Given this, there are 3 common approaches marketers take to measuring their ecommerce funnel:
In this model, marketers assign KPIs for each stage of the funnel. Their marketing efforts are judged by how well they move these key metrics. An example of KPI-based eCommerce funnel measurement-based could look like:
- Awareness: Reach, New Users, Product Page Views
- Consideration: Returning Users, Customer Reviews, Visits to Comparison Landing Pages
- Conversion: Adds to Carts, Average Conversion Rate from Checkout to Purchase, Abandoned Cart Recoveries
- Post-Purchase: Revenue from returning customers, revenue from customer referrals
In this model, total revenue is used as the “overall” KPI for marketing, since all other KPIs affect it. This is the simplest method, but it can be harder to track individual initiatives.
In this model, individual campaigns are assigned a funnel stage, and marketers analyze them on campaign-specific metrics.
For example, a certain number of advertising and email campaigns would be labeled “awareness.” For those campaigns, marketers would define the metrics they care about, and those may include reach, adds to carts, and revenue. Then they would label another set of advertising and email campaigns as “consideration,” and so on.

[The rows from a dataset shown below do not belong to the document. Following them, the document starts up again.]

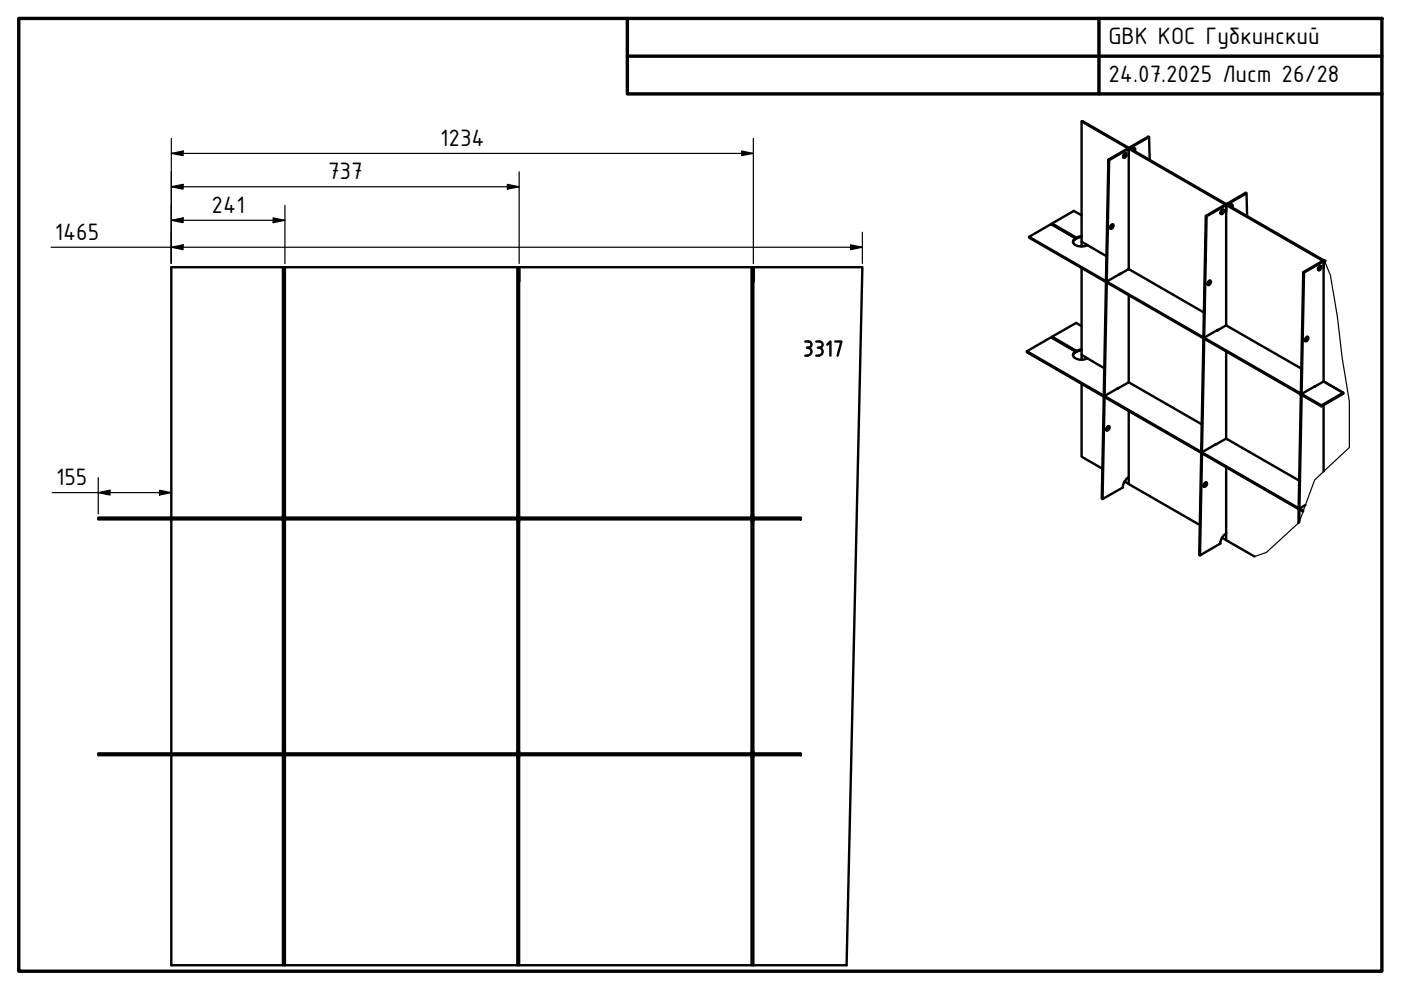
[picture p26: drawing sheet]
<svg xmlns="http://www.w3.org/2000/svg" width="297mm" height="210mm" viewBox="0 0 297 210" stroke-linecap="round" stroke-linejoin="round" font-family="sans-serif">
<defs><g id="words">
<g font-size="5.4">
<text x="235" y="9.4">GBK КОС Губкинский</text>
<text x="235" y="17.4">24.07.2025 Лист 26/28</text>
<text x="93.3" y="30.9">1234</text>
<text x="69.6" y="38">737</text>
<text x="44.9" y="45.1">241</text>
<text x="11.6" y="50.8">1465</text>
<text x="11.9" y="102.8">155</text>
</g>
</g></defs>
<!-- layer: Visible (ISO) -->
<g fill="none" stroke="#000" stroke-width=".51">
<path d="M229.3 25.8l51.6 29.8M238.3 32.7h.1a.31 .31 0 0 1 .4-.1 .31 .31 0 0 1 0 .5l-.1 .1a.34 .34 0 0 1-.5 .2 .34 .34 0 0 1 .1-.6zM238.7 32.5l-.1 .5-.4 .4M239.1 31.5l.2 .1v1.4M239.3 31.6l-.2-.1-4.1 2.3M239.3 31.6v25.5M239.3 31.6l-4.1 2.4M239.4 31.3l4.1-2.3 .1 .1 .2 4.8M240.1 31.8l.1-.2a.32 .32 0 0 1 .5 0 .32 .32 0 0 1-.1 .5M240.5 31.4l-.1 .6M243.6 29.1l-4.1 2.3M110.1 56.7v3"/>
<path d="M159.8 56.7v3M218.2 50.2v.2l62 35.8v-.2M223.1 47.4l5.1 3v.2M228 50.5a.81 .81 0 0 0-.5 .9 .81 .81 0 0 0 .8 .7l1.1 .2 1.1-.3 4.1 2.3M228 50.5l-5.2-3-4.6 2.7 62 35.8 4.6-2.7-4-2.3h-.3l-1.8 1M228 50.5v.2l-.5 .6M229.3 56.8v19.5M229.3 52.3v-26.5l.2-.1 51.3 29.6M229.3 51.2l1.2 .8M229.3 50.3l-1.1 .3M229.3 45.6l-1.6-.9-4.6 2.7v.2l5.1 3M229.3 50.1l-1.1 .3"/>
<path d="M234.5 59.5l.3 .1zM234.5 59.5l.5-25.7 .2 .2-.5 25.5M234.5 60l-.5 23.7M234.6 59.8l-.1 .2 .2 .1M234.7 59.9v.2M235.6 47.7l.1-.1a.33 .33 0 0 1 .4 .2 .33 .33 0 0 1-.1 .4l-.1 .1a.3 .3 0 0 1-.5 .2 .3 .3 0 0 1 0-.5zM235.9 47.6l-.1 .6-.4 .2M237.4 58.1l1.8-1h.2l15.9 9.2M237.4 58.1h.1M237.6 58.1l-2.8 1.5M256.2 59.6h.1a.32 .32 0 0 1 .5 .1 .32 .32 0 0 1-.2 .4l-.1 .2a.33 .33 0 0 1-.5 0 .33 .33 0 0 1 .1-.5zM256.5 59.5l-.1 .6-.4 .2"/>
<path d="M259 44.6a.31 .31 0 0 1 .4-.1 .31 .31 0 0 1 .1 .5l-.2 .2a.32 .32 0 0 1-.5 .2 .32 .32 0 0 1 0-.6zM259.3 44.4l-.1 .6-.4 .3M259.8 43.4l.2 .1M260 43.5l-.2-.1-4.1 2.4M260 43.5l-4.2 2.4M260 43.3l4.1-2.4 .2 .1 .1 4.8M260 43.5v25.6M260.7 43.7l.1-.1a.34 .34 0 0 1 .5-.2 .34 .34 0 0 1-.1 .6M261.2 43.4l-.1 .5M264.3 41l-4.1 2.4M276.3 57.7l.2 .1-.5 25.6M279.6 56.6a.32 .32 0 0 1 .5-.2 .32 .32 0 0 1 0 .5l-.1 .2a.34 .34 0 0 1-.6 .1 .34 .34 0 0 1 .2-.5z"/>
<path d="M280 56.4l-.1 .5-.4 .3M280.6 55.4l-.1-.1-4.2 2.4-.5 25.6M280.6 55.4v25.6M280.6 55.4l-4.1 2.4M280.7 55.4v1.5M280.8 55.1l-.1 .1M170.7 75.4h.5M170.7 72.4h.7M171.1 73.7h.1M171.2 73.7a.83 .83 0 0 1 .8 .8 .83 .83 0 0 1-.8 .9M171.4 72.4a.66 .66 0 0 1 .6 .7 .66 .66 0 0 1-.6 .6M173.1 72.4h.7a.66 .66 0 0 1 .6 .7 .66 .66 0 0 1-.6 .6"/>
<path d="M173.1 75.4h.5M173.4 73.7a.83 .83 0 0 1 1 .7 .83 .83 0 0 1-.8 1M175.4 73.1l.7-.7v3M177.1 72.4h1.3l-.8 3M217.7 74.5l5.1-3 5.2 3M223.1 71.4l5.1 3v.2M228 74.5a.81 .81 0 0 0-.5 .9 .81 .81 0 0 0 .8 .7l1.4 .2 .8-.3 3.6 2.1M228 74.5v.2l-.5 .6M229.3 74.3l-1.1 .3M229.3 69.1l-1.1-.6-5.1 2.9v.2l5.1 3M229.3 74.1l-1.1 .3M229.3 75.2l1.2 .8"/>
<path d="M234.7 60.1l-.5 23.7M239.3 62.6v18.5M255.1 71.3l.3 .2zM255.1 71.3l.6-25.5 .1 .1-.5 25.6M255.1 71.9l-.4 23.7M255.2 71.8l-.1 .1 .2 .1M255.3 72l-.5 23.7M255.4 71.9l-.1 .1M258 70l1.8-.9h.3l15.8 9.1M258.2 70l-2.8 1.5M260 74.5v18.6M276.9 71.6a.33 .33 0 0 1 .5 0 .33 .33 0 0 1-.1 .5l-.2 .2a.32 .32 0 0 1-.5-.1 .32 .32 0 0 1 .2-.5z"/>
<path d="M277.2 71.4l-.1 .6-.4 .3M229.3 81.3v15.5l4.4 2.6M234 84.3l-.4 21.4 .2 .1M234.1 84.1l-.1 .2h.2M234.2 83.8l-.2-.1 .3 .2M234.2 84.3l-.4 21.5 4.3-2.5 .3-1.2 .9-1M234.2 83.8l.1 .1M234.3 84.2l-.1 .1M234.9 90.4a.32 .32 0 0 1 .4 .1 .32 .32 0 0 1-.2 .5 .34 .34 0 0 1-.5 .2 .34 .34 0 0 1 .1-.6zM235 90.4v.5l-.4 .3M236.9 82.4l2.3-1.3h.2l15.4 8.9M236.9 82.4h.1"/>
<path d="M237.1 82.3l-2.8 1.6M239.3 87.1v15.5M254.7 96.2l-.4 21.5h.1M254.8 96l-.1 .2 .1 .1M254.8 95.7l-.1-.1 .3 .2M254.8 96.3l-.4 21.4 4.3-2.5 .4-1.2 .9-.9M254.8 95.7l.2 .1M254.9 96.2l-.1 .1M257.6 94.3l2.2-1.2h.3l15.4 8.8M257.6 94.3h.1M257.8 94.2l-2.8 1.6M260 99.1v15.4"/>
<path d="M275.8 83.3l.3 .2zM275.8 83.8l-.5 23.8M275.8 83.8l.2 .1M275.9 83.7l-.1 .1M276 83.9l-.5 23.8M276.1 83.8l-.1 .1M278.7 81.9v.1M278.9 81.9l-2.8 1.6M280.6 85.9v14.1M280.8 81l4 2.3v.2M284.8 83.3v.2l-4.6 2.7M20.8 109.7h149v.4h-149z"/>
<path d="M36.3 109.7v-53h146.5l-3.3 148h-19.8M36.3 110.1v49.6M60 109.4h.4v.3h-.4zM60 109.4v-52.7h.4v52.7M60 109.7h.1M60 110.1v.1M60 110.5v48.9M60.4 110.5h-.4v-.3h.4v49.5M60.4 109.7h.1M109.7 109.4h.4v.3h-.4zM109.7 109.4v-52.7h.4v52.7M109.7 109.7h.1"/>
<path d="M109.7 110.1v.1M109.7 110.5v48.9M110.1 110.5h-.4v-.3h.4v49.5M110.1 109.7h.1M159.3 109.4h.4v.3h-.4zM159.3 109.4v-52.7h.4v52.7M159.3 109.7h.1M159.3 110.1v.1M159.3 110.5v48.9M159.7 110.5h-.4v-.3h.4v49.5M159.7 109.7h.1M238.4 102.1l16 9.2"/>
<path d="M255.4 102.5a.34 .34 0 0 1 .5-.1 .34 .34 0 0 1-.1 .5l-.2 .2a.29 .29 0 0 1-.5 0 .29 .29 0 0 1 .1-.4zM255.7 102.2v.6l-.5 .3M259.1 114l6.9 4M275.3 107.6l.3 .2M275.3 108.1v2.8M275.3 107.6l.2 .1M275.4 108l-.1 .1 .2 .1 .1-.1M275.5 108.2v2.5M275.5 107.7l.1 .1M276.3 108.3l-58.6-33.8v.2l58.6 33.8M276.8 107.1l-1.2 .7M20.8 159.7h149v.4h-149z"/>
<path d="M60 159.7h.1M60.4 159.4h-.4v.3h.4M109.7 159.7h.1M110.1 159.4h-.4v.3h.4M159.3 159.7h.1M159.7 159.4h-.4v.3h.4M36.3 160.1v44.6h23.7M60 160.5v44.2h.4M60 160.1v.1M60.4 160.2h-.4v.3h.4M60.4 160.1v44.6M109.7 160.5v44.2h.4"/>
<path d="M109.7 160.1v.1M110.1 160.2h-.4v.3h.4M110.1 160.1v44.6M159.3 160.5v44.2h.4M159.3 160.1v.1M159.7 160.2h-.4v.3h.4M159.7 160.1v44.6M60.4 204.7h49.3M110.1 204.7h49.2"/>
</g>
<!-- layer: Break Line (ISO) -->
<path d="M280.8 55.1l1.3 3.2 1.4 8.8 1.1 8.8 1.5 9.2v9.8l-7.4 6.9-3.2 8.9-7 6.5-2.5 .8" fill="none" stroke="#000" stroke-width=".25"/>
<!-- layer: Visible (ISO) -->
<g fill="#000">
<circle cx="280.8" cy="55.3" r=".25"/>
<circle cx="258.1" cy="70" r=".25"/>
</g>
<!-- layer: Border (ISO) -->
<path d="M4 3.9h289v202h-289zM133 3.9v16h160M133 11.9h160M233 3.9v16" fill="none" stroke="#000" stroke-width=".72"/>
<!-- layer: Dimension (ISO) -->
<g fill="none" stroke="#000" stroke-width=".25">
<path d="M36.3 39.6l2.5-.5v1zM36.3 32.5l2.5-.5v1zM36.3 29.4v26.5M36.3 39.6h73.8M36.3 32.5h123.4M107.6 39.1l2.5 .5-2.5 .5zM110.1 36.4v19.5M157.2 32l2.5 .5-2.5 .5zM159.7 29.4v26.5M10.8 52.4h172M36.3 46.7l2.5-.5v1zM36.3 52.4l2.5-.5v1z"/>
<path d="M36.3 46.7h24.1M57.9 46.2l2.5 .5-2.5 .5zM60.4 43.5v12.4M180.3 51.9l2.5 .5-2.5 .5zM182.8 49.2v6.7M11.1 104.5h25.2M20.8 104.5l2.5-.6v1.1zM20.8 101.3v7.6M33.8 103.9l2.5 .6-2.5 .5z"/>
</g>
<path d="M36.3 39.6l2.5-.5v1zM36.3 32.5l2.5-.5v1zM157.2 32l2.5 .5-2.5 .5zM36.3 46.7l2.5-.5v1zM36.3 52.4l2.5-.5v1zM57.9 46.2l2.5 .5-2.5 .5zM107.6 39.1l2.5 .5-2.5 .5zM180.3 51.9l2.5 .5-2.5 .5zM20.8 104.5l2.5-.6v1.1zM33.8 103.9l2.5 .6-2.5 .5z" fill="#000"/>
<use href="#words"/>
</svg>

In this model, it is much easier to track and compare individual marketing initiatives to each other. However, since each initiative can have its own set of metrics (for example, clicks on ads are different than clicks on an email), it can be more difficult to establish “north star” performance metrics for each stage of the funnel.
In this model, marketers still set up campaigns by stage, but instead of measuring a series of different KPIs, they only measure one: contribution to revenue. Then they break down all their existing customers by their history with each channel and attribute different amounts of value to each touchpoint.
For example, an ecommerce measurement tool might tell you the following about a customer’s journey:
- First, customer “Sarah Lee” viewed an ad on Facebook.
- Then, she visited your website.
- There, she added something to her cart but abandoned it.
- Next, she was sent and opened an abandoned cart email.
- Finally, she purchased your product.
Sarah Lee’s purchase was impacted by both the Facebook ad and the Klaviyo abandon cart email. In the journey-based model, Sarah’s $60 purchase would be attributed partially to Facebook and partially to Klaviyo. A simple, common model would split them 50/50: $30 of revenue attributed to Facebook, $30 to Klaviyo.
This model requires integrating data from multiple platforms, including in this case, Shopify, Facebook, and Klaviyo. Often, it requires a data engineer or technical marketer. However, once implemented, it can provide the most complete picture of performance throughout the funnel.
If you are planning your ecommerce marketing strategy, or even your website’s content, the ecommerce funnel is a powerful framework. As a store owner, there is nothing more important than understanding your customer. The funnel helps you understand what they’re thinking and how to reach them.